The seeds belonged to Arena's great-grandfather Thomas S. Purver, who came to Canada from England in 1904.

And he was not your garden-variety gardener.

"His house had about three lots, so he grew flowers and vegetables, which he sold at his store ... T.S. Purver, Seedsman & Florist," Arena said.

"He sold ice cream, tobacco, plants and seeds. I still have the scale that he weighed the seeds on to sell. At the back of his house he had a shed, and all the walls were covered with first- and second-place certificates and his red and blue ribbons."

The shop was called T.S. Purver, Seedsman & Florist. The items for sale included ice cream, tobacco, plants and seeds, as well as flowers grown in the owner's home garden in Crescent Heights. (Submitted by Judy Arena)

Arena's family has carried on the gardening tradition with pride, she said, always growing plants from seeds.

"My grandfather taught my father Clayton how to garden, how to grow plants from seeds," she said, adding that his house was in Crescent Heights, known at the time as the Village of Crescent Heights.

Judy Arena says her great grandfather Thomas S. Purver won many accolades, blue ribbons and trophies for his plants and seeds. (Submitted by Judy Arena)

When my great grandfather died in 1951, he would have put those seeds in his cellar, where it would be cool," she said. "And they probably stayed there until my great grandmother passed away in 1967. And my dad has taken care of my great grandfather's house, and his gardens, for my grandmother.

"So, when she passed away, he would have taken that little wooden box and put it in, I guess, in his garage."

Moore has owned the house in Ramsay — one of Calgary's oldest neighbourhoods — for six years.

"I'm so happy to hear about the history of the house," she said. "When we did have a chance to talk, she told me about how her parents built this house, and told me the history and, and it was so fun to hear.

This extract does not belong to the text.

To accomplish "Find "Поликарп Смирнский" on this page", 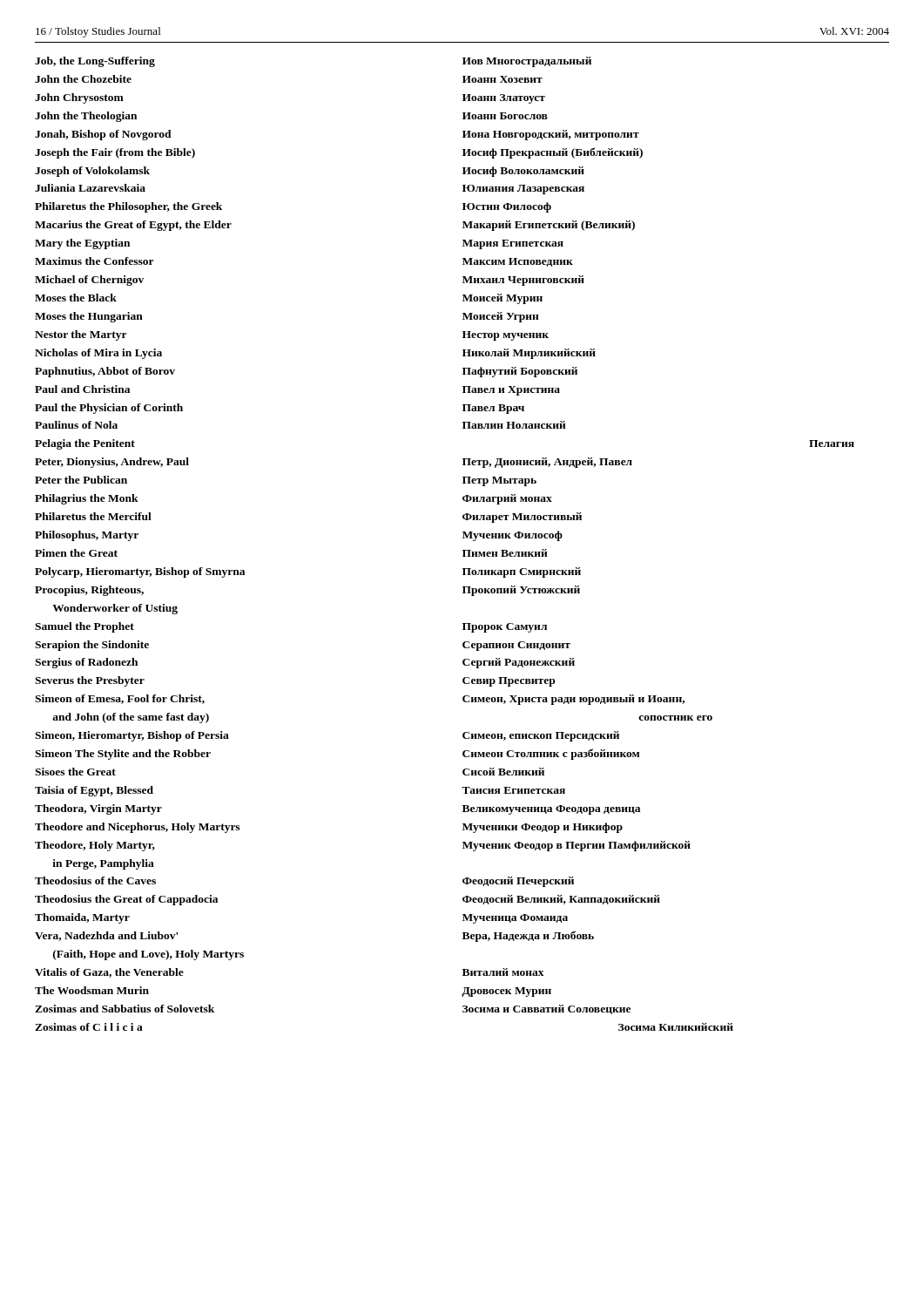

Kind of the origins of my house and her story, and now it's our family's story."

Thomas S. Purver, his wife Dorcas, daughter Kate (Kitty) and grandson Clayton Hutt. (Submitted by Judy Arena)

Moore is going to return the seed tray to its rightful owner, but said she plans to try growing a few of the seeds in the garden.

'Since I'm now homeschooling, like everybody else, we thought it would be a really fun project to do with my daughter to take some of the seeds and to see if we can grow any of them, see if any of them are viable," she said.

"So we're going to do a little science project with that."

The seeds and the packaging itself are vintage, and Moore decided to find out who they belonged to. She returned them to T.S. Purver's great-granddaughter Judy Arena. (Submitted by Julia Moore)

Arena approves of the plan.

"It's just so wonderful, and I have two great two granddaughters, Emma and Natalie, who are enjoying growing seeds right now themselves. So this is, it's just so nice," she said.

"My great grandfather, this was his passion, to see these flowers and vegetables grow. So he, I think, would be so happy to hear this, If he was alive."


With files from the Calgary Eyeopener.